◆ **Activity**: In the lines below, the string "through" may appear; say how many lines hold it and give nothing more.

◆ **Task material**:

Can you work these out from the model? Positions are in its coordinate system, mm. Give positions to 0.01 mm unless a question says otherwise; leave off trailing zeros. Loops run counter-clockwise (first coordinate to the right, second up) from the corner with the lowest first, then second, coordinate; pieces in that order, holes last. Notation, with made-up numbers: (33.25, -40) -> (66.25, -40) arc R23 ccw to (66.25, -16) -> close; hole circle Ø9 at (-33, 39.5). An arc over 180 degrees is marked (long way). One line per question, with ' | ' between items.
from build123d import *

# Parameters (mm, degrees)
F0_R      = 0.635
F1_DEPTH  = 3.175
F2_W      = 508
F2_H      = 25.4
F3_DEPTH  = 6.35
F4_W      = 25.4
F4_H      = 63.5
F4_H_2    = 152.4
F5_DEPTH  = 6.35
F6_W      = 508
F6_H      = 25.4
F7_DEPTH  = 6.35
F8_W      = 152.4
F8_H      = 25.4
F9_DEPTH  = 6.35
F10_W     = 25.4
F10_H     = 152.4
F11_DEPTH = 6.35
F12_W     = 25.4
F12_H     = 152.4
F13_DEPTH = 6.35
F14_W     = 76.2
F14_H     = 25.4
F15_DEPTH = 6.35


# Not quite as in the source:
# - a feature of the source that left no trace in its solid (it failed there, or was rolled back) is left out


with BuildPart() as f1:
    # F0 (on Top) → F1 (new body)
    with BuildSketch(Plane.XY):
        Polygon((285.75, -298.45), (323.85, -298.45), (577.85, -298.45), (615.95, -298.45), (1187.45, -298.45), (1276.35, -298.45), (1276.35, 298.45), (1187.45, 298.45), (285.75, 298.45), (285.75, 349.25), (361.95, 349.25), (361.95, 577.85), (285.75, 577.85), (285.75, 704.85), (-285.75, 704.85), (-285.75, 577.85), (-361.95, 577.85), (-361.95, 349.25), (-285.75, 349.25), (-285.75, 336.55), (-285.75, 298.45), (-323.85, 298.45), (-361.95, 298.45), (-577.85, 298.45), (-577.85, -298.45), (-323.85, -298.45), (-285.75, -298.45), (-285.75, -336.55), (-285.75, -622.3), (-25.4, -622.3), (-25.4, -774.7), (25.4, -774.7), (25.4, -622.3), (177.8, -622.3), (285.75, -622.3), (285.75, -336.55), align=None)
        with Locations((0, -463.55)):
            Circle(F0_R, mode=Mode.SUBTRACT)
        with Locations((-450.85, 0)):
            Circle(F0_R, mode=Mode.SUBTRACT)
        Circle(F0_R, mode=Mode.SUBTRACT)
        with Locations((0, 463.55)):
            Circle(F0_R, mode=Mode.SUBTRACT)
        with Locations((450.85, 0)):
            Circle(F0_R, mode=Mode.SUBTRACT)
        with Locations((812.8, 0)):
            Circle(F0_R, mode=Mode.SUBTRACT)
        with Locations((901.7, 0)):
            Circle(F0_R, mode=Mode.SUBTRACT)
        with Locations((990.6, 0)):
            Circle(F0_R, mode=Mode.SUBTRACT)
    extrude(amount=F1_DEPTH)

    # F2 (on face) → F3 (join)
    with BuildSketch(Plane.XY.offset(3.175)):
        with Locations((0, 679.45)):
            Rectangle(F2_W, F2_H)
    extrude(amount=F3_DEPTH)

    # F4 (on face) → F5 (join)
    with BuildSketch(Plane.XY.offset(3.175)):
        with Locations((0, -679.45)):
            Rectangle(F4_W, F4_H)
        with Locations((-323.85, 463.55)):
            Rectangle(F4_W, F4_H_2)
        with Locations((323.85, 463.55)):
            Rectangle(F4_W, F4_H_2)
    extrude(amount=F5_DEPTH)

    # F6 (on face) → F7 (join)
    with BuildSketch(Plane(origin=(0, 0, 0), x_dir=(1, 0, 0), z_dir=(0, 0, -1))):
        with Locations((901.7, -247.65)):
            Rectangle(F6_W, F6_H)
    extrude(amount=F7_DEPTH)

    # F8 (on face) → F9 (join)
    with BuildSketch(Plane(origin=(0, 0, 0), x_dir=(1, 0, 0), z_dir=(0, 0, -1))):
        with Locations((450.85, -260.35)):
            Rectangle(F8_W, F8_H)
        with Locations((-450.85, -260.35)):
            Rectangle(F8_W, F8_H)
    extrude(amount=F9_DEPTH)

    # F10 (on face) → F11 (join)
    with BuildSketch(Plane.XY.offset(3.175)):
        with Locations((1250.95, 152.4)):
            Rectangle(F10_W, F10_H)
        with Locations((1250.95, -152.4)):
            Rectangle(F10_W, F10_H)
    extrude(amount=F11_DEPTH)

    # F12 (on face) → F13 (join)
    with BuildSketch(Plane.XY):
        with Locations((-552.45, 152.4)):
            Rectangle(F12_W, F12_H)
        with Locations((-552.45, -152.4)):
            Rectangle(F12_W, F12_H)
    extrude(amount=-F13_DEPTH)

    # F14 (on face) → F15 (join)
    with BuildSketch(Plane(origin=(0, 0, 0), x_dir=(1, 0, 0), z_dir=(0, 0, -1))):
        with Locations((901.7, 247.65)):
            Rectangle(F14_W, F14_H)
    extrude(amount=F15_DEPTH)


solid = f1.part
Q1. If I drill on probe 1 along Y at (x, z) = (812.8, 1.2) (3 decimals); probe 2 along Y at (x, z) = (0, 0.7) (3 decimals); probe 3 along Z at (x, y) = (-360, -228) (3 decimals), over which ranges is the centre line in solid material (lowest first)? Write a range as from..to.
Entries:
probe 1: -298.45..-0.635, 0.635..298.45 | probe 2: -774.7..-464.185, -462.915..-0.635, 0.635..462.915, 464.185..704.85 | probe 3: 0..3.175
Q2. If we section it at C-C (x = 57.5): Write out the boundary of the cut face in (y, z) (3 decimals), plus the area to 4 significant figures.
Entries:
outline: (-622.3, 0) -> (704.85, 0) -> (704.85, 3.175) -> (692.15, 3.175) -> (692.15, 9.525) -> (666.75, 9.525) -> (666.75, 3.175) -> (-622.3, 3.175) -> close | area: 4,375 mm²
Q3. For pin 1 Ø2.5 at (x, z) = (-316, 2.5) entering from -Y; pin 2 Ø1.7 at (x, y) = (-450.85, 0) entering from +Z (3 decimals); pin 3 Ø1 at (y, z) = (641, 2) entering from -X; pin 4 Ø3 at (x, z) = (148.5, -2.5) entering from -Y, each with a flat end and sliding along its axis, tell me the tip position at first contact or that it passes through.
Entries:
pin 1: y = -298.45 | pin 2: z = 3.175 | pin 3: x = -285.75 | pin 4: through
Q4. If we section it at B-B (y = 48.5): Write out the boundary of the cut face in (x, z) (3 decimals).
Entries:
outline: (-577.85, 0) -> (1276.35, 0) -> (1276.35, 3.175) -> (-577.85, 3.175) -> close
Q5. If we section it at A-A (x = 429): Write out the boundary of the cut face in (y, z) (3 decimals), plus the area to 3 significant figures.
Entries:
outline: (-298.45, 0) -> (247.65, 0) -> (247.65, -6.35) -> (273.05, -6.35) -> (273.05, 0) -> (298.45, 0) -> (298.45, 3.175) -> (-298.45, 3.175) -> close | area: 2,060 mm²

◆ **Result**: 2